So as a result of that, you see our financials that we've pre-announced today, full year over $300 million in revenue, we've taken difficult decisions to right size our operating expenses, progressing our supply negotiations with our respected partners and as a result, we closed the year in a strong financial position, $321 million, $10 million in advance of last year and six quarters of continued progress.
I touched on our people and culture earlier and that's been one of the most important learnings for me. Coming into a business that has had, to be frank, significant turbulence, I wasn't sure what I would actually see. And what I've found is an organization that's incredibly committed and incredibly passionate about the value that we can bring to patients and our customers. So we recently conducted a global employee survey and some of the results that we encountered were really surprising and incredibly encouraging. As an example, 94% of our organization strongly agree or agree in their desire to go the extra mile to support the business and really show incredible commitment and engagement to support the business.
So let's zoom in a little bit more on 2023 progress. As I mentioned earlier, six months ago, we made an important leadership change in Europe. So we have new leadership and a new strategy that is delivering very encouraging early signs of growth.

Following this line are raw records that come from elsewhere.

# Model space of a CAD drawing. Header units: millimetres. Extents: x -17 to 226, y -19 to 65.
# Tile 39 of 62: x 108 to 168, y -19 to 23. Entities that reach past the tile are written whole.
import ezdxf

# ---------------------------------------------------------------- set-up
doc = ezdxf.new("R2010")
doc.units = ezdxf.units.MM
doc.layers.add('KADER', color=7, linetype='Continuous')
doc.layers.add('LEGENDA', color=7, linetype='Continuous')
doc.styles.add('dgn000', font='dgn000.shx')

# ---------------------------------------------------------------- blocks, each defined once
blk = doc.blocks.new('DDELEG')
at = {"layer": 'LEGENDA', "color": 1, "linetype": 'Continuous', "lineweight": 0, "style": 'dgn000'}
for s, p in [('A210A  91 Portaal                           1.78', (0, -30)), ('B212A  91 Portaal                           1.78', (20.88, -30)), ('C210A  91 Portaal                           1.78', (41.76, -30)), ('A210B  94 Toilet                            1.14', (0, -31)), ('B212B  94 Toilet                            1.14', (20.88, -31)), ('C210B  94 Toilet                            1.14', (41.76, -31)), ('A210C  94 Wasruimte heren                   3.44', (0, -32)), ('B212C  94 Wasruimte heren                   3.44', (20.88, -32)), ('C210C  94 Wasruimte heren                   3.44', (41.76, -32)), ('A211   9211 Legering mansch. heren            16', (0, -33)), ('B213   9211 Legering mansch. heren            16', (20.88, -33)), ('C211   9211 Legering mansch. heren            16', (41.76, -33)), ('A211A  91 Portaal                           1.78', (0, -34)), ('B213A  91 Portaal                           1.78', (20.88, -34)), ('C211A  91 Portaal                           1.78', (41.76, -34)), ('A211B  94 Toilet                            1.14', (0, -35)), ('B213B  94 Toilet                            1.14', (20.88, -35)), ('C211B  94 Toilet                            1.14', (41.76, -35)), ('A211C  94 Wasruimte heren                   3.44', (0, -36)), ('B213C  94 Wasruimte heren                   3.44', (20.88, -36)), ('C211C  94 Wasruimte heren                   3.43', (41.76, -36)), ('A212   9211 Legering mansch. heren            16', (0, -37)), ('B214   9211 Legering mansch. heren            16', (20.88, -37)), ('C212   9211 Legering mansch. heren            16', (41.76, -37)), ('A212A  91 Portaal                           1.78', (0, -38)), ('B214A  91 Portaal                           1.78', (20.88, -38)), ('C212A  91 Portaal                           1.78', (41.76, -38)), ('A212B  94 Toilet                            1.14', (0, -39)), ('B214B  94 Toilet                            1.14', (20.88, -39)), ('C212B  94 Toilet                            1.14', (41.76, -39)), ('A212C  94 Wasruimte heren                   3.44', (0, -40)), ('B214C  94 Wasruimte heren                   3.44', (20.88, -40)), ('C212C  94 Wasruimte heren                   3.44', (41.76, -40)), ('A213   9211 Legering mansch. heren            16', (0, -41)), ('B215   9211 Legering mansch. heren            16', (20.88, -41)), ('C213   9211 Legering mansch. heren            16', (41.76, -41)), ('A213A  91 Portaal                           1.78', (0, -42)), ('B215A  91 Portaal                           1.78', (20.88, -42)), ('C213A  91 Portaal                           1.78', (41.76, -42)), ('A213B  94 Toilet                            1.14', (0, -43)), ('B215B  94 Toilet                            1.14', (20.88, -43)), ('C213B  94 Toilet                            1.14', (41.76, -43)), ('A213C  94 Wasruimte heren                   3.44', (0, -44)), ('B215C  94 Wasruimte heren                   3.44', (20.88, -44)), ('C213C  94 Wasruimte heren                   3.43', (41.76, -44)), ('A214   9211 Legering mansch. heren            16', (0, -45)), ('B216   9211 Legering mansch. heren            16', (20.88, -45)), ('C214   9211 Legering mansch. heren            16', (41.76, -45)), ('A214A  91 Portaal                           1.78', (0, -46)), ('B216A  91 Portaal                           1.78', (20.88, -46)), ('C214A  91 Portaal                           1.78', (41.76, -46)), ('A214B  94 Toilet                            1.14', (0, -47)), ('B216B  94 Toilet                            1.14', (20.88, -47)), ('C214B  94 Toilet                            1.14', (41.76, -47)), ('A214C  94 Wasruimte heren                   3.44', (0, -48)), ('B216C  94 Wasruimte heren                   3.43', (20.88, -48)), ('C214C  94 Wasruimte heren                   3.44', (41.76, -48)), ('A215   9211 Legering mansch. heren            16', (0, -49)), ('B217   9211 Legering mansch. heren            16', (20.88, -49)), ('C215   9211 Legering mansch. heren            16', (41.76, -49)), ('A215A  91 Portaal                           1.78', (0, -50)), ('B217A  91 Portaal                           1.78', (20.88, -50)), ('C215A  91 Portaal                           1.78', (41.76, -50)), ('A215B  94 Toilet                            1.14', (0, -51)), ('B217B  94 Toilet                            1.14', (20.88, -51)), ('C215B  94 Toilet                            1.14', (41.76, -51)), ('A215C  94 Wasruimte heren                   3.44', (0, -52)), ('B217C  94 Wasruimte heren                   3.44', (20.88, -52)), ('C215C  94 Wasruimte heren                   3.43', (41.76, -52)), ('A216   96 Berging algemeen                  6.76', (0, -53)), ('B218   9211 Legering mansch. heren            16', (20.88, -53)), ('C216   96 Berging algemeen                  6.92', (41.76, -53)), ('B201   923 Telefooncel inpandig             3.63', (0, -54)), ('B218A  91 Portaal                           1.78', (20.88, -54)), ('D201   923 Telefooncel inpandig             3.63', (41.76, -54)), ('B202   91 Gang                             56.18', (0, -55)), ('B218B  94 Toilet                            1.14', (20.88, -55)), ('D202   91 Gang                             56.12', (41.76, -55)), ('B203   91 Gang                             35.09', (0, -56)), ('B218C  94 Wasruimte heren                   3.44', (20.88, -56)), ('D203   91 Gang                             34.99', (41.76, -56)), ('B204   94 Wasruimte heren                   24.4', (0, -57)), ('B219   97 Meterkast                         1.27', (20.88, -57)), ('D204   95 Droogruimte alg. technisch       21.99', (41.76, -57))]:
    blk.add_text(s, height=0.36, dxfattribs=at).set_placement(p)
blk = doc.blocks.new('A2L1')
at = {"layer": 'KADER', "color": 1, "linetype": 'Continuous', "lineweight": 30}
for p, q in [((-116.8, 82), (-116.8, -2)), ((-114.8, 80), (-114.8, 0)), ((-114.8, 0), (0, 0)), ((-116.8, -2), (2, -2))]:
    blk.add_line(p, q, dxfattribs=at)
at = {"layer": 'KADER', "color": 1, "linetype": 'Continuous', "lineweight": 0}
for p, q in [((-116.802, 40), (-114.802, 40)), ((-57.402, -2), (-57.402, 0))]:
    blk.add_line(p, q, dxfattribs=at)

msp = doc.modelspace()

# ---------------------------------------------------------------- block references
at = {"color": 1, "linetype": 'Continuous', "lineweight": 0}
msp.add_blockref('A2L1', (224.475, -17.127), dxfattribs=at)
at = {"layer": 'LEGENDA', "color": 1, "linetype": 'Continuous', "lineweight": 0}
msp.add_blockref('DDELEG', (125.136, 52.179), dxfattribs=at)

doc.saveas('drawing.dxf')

Still early stages for us in Europe, let's be honest, but encouraging signs of progress. That team and that leadership group have really brought, I'd say, thinking in three critical areas. Number one, I'd say a much more targeted and focused approach as we think about the patient segments and the customer segments that we focus on at launch. Secondly, a laser focus on resource allocation aligned to that segmentation with a more efficient operating model in Europe. And then thirdly, bringing much deeper and more succinct country-level insights on how we can align our value proposition to the payor-needs at a country level and being very focused there. So as a result of that, we're progressing importantly in the EU5 and we're demonstrating that impact in the EU5.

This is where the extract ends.